Records provided START

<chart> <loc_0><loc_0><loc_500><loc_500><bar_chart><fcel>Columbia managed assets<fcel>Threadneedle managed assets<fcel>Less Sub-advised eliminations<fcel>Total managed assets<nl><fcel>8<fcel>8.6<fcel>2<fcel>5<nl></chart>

Records provided END
Records provided START

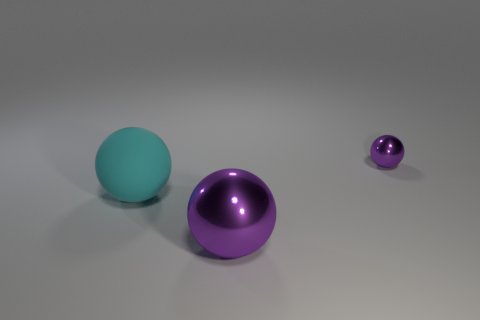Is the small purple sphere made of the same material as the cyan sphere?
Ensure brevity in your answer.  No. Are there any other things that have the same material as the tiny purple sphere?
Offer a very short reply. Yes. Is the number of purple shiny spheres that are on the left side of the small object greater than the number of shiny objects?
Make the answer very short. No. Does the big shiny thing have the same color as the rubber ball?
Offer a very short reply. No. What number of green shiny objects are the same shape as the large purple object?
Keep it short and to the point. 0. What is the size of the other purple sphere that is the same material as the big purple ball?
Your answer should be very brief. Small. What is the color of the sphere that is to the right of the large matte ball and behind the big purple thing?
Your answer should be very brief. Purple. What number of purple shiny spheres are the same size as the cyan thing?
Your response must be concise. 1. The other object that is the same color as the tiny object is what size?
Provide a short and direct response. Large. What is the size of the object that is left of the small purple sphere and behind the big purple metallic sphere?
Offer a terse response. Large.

Records provided END
Records provided START

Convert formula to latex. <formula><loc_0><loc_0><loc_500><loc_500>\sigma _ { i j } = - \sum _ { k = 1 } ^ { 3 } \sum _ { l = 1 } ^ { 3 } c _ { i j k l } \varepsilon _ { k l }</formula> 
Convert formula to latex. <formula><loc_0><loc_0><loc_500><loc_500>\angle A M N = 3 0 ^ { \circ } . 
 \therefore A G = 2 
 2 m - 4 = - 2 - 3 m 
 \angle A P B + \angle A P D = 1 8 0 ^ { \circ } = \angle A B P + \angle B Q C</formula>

Records provided END

### Exercise goal
Copy the entries above exactly, but only from the line holding "to latex. <formula><loc_0><loc_0><loc_500><loc_500>\angle" through the line holding "B Q C</formula>", both included.

### Solution to this task
Convert formula to latex. <formula><loc_0><loc_0><loc_500><loc_500>\angle A M N = 3 0 ^ { \circ } . 
 \therefore A G = 2 
 2 m - 4 = - 2 - 3 m 
 \angle A P B + \angle A P D = 1 8 0 ^ { \circ } = \angle A B P + \angle B Q C</formula>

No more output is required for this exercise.